··· AVAILABLE DATA
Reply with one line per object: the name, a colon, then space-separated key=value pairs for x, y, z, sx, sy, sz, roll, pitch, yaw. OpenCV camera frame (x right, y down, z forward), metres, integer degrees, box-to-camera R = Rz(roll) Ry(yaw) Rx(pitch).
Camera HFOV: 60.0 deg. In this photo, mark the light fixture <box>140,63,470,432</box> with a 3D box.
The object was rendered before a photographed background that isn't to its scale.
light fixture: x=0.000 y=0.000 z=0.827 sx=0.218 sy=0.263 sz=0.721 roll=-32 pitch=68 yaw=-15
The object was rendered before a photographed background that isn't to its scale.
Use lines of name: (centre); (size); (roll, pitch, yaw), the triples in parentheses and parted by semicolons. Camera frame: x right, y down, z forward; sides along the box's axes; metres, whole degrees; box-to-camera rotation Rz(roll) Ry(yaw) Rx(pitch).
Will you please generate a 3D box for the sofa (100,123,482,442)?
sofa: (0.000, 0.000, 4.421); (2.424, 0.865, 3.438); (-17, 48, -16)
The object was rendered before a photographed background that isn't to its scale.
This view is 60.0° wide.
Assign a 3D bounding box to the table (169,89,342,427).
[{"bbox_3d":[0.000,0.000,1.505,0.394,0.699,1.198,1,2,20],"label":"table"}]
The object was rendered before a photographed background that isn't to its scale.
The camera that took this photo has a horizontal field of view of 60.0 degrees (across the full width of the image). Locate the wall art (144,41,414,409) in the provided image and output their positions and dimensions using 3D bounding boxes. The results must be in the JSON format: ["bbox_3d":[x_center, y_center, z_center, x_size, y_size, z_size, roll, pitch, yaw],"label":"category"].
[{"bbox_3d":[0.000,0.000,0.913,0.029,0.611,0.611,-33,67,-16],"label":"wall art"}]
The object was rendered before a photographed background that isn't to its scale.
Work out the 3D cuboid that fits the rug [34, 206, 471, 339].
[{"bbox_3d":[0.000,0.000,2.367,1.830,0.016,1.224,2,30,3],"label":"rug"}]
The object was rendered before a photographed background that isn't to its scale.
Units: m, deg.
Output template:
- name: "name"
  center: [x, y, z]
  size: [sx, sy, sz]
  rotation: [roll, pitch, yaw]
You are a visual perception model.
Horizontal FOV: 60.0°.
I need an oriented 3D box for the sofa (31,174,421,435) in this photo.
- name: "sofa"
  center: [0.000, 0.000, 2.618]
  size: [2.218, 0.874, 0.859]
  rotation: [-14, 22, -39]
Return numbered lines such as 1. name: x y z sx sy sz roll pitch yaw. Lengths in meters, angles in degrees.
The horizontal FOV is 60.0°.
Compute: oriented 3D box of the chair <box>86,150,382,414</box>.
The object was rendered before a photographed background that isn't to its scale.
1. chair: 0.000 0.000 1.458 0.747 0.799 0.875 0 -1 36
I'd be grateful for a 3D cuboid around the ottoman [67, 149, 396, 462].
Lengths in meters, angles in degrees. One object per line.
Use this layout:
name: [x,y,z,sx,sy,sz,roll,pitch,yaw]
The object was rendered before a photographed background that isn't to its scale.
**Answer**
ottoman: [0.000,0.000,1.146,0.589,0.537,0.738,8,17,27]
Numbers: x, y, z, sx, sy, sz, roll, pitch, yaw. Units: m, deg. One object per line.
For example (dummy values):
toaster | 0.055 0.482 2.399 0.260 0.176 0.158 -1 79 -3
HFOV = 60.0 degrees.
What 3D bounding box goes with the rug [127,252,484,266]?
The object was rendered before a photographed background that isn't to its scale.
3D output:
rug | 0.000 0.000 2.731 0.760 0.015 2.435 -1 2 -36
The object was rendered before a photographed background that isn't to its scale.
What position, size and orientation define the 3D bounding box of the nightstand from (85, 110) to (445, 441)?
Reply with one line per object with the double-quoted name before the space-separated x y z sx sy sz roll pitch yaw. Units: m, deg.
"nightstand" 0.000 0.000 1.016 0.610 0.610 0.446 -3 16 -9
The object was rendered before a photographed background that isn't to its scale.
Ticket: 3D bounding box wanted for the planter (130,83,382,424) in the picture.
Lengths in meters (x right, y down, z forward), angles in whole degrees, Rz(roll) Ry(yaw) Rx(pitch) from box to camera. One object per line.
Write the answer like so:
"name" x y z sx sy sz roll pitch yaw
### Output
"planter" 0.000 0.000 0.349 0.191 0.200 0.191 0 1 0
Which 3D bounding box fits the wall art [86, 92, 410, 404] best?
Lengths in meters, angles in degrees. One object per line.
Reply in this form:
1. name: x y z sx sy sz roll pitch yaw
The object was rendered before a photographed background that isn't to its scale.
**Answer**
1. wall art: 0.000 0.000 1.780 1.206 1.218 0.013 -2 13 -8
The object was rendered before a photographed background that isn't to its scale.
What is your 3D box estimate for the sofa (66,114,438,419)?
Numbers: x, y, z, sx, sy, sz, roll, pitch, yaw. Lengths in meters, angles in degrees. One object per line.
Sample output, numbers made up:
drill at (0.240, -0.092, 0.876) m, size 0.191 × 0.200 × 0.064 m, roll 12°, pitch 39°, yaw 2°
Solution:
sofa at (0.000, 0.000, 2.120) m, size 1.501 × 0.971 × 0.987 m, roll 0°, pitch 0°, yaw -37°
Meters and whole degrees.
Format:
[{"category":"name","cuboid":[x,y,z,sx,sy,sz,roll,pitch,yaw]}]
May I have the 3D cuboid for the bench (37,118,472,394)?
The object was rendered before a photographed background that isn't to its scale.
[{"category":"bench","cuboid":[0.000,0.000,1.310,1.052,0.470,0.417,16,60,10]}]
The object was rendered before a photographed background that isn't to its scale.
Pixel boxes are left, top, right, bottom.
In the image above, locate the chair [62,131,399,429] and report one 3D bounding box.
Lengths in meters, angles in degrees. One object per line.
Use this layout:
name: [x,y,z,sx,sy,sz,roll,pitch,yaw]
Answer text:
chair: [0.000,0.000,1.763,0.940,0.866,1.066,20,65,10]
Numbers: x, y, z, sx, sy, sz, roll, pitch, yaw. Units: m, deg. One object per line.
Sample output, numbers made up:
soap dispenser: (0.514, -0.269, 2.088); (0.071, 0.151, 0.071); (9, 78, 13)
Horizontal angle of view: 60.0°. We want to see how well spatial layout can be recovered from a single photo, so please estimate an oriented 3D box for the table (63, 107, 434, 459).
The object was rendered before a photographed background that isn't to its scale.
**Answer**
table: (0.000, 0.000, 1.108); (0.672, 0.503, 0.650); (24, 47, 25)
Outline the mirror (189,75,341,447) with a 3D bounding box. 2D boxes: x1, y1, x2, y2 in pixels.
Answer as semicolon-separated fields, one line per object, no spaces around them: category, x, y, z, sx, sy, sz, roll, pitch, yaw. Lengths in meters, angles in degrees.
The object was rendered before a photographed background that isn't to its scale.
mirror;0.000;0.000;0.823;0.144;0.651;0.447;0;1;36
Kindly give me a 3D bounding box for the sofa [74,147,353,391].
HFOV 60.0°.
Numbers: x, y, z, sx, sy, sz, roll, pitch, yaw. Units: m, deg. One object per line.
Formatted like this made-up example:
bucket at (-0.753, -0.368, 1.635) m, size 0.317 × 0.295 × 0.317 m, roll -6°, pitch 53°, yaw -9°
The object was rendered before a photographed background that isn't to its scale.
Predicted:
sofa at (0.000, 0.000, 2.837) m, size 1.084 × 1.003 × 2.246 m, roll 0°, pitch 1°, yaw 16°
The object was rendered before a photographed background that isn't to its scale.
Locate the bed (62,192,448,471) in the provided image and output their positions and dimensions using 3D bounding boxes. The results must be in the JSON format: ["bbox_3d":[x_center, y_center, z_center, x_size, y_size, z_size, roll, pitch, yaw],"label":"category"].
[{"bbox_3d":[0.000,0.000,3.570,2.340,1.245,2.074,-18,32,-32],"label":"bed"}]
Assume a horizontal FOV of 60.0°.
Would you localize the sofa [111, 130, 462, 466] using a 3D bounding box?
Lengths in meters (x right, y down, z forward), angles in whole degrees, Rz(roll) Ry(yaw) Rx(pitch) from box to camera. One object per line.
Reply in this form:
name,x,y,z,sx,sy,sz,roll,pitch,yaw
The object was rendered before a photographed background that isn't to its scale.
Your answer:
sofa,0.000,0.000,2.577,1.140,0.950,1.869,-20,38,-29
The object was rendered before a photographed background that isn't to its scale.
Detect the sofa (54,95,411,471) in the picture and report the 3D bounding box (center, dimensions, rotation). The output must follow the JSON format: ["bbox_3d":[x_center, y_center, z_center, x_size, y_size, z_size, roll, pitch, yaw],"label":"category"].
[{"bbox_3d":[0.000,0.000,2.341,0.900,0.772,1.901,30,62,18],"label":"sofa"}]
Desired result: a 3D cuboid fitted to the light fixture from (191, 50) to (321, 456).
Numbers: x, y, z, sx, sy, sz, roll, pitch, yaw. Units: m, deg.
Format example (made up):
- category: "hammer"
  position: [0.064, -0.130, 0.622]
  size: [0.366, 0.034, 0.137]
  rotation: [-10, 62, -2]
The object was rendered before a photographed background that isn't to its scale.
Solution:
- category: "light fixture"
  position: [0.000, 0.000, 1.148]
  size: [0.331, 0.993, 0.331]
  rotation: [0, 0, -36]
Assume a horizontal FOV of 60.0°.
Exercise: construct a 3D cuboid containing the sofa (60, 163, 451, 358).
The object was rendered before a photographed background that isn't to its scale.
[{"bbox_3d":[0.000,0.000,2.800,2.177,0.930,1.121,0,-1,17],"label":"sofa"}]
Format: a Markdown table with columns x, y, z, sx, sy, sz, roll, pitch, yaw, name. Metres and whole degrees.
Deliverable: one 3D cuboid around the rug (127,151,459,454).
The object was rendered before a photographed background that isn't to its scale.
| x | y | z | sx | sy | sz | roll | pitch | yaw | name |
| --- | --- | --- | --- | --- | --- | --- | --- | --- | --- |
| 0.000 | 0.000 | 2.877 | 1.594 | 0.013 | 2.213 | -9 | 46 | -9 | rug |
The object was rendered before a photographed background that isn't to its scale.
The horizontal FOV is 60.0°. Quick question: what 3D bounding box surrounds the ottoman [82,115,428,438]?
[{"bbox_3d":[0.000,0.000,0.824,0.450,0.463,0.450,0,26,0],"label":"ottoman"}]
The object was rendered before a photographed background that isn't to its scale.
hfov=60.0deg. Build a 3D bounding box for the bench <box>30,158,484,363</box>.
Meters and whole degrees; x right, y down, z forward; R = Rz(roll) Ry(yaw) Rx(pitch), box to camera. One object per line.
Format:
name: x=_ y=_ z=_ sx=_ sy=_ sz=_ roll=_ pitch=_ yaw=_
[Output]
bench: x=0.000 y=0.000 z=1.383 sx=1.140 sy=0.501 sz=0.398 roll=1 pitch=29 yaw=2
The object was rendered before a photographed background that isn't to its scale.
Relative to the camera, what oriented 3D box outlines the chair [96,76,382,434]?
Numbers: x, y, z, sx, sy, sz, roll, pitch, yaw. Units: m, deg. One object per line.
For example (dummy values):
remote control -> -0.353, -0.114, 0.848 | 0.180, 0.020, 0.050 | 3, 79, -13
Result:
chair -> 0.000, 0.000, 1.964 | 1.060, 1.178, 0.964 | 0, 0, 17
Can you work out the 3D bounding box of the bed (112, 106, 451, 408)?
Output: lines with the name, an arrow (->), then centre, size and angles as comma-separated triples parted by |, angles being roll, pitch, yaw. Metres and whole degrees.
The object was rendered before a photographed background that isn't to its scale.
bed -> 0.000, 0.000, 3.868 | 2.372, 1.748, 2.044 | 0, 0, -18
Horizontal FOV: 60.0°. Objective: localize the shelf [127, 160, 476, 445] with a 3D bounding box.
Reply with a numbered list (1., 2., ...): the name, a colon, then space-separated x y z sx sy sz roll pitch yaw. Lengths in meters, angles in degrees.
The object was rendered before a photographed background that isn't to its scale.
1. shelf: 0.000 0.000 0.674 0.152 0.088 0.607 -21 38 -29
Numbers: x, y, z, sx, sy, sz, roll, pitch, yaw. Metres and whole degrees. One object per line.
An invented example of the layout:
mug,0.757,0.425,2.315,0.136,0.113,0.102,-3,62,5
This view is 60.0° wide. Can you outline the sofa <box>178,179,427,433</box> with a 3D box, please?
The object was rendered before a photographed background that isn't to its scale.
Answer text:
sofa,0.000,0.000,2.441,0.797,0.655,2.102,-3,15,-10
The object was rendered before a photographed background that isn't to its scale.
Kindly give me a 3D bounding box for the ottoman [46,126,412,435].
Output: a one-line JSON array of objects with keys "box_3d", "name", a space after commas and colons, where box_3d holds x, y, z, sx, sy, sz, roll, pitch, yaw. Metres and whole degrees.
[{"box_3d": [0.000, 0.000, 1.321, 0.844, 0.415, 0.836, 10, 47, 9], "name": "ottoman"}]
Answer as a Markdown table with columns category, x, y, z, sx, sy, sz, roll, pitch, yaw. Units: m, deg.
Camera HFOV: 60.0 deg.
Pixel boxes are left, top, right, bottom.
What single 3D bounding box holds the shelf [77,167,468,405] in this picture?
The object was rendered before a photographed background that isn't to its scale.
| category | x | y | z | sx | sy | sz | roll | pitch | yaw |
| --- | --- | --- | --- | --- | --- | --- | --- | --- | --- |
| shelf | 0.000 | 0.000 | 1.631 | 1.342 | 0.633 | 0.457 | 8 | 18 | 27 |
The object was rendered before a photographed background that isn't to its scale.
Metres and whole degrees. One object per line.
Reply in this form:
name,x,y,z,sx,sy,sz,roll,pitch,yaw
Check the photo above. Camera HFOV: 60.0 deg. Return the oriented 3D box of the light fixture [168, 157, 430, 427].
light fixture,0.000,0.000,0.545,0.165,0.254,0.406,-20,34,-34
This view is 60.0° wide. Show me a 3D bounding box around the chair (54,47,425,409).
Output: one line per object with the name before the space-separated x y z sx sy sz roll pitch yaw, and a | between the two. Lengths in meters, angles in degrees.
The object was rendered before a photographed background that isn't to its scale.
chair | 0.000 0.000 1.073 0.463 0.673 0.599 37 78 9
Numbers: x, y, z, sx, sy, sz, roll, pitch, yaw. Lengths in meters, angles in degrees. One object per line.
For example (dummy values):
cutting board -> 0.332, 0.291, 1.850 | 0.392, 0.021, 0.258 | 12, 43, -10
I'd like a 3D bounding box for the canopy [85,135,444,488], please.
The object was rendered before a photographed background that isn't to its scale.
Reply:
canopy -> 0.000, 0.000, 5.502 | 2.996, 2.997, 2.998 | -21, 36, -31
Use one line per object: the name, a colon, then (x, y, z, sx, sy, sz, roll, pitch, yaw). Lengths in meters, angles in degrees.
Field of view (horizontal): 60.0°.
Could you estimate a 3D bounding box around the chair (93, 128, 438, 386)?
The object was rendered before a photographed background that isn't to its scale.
······
Quote exactly the lines running from the start of the listing above through the line where "Use lines of" is found, and output no other lines.

Reply with one line per object: the name, a colon, then space-separated key=value pairs for x, y, z, sx, sy, sz, roll, pitch, yaw. OpenCV camera frame (x right, y down, z forward), metres, integer degrees, box-to-camera R = Rz(roll) Ry(yaw) Rx(pitch).
Camera HFOV: 60.0 deg. In this photo, mark the light fixture <box>140,63,470,432</box> with a 3D box.
The object was rendered before a photographed background that isn't to its scale.
light fixture: x=0.000 y=0.000 z=0.827 sx=0.218 sy=0.263 sz=0.721 roll=-32 pitch=68 yaw=-15
The object was rendered before a photographed background that isn't to its scale.
Use lines of name: (centre); (size); (roll, pitch, yaw), the triples in parentheses and parted by semicolons. Camera frame: x right, y down, z forward; sides along the box's axes; metres, whole degrees; box-to-camera rotation Rz(roll) Ry(yaw) Rx(pitch).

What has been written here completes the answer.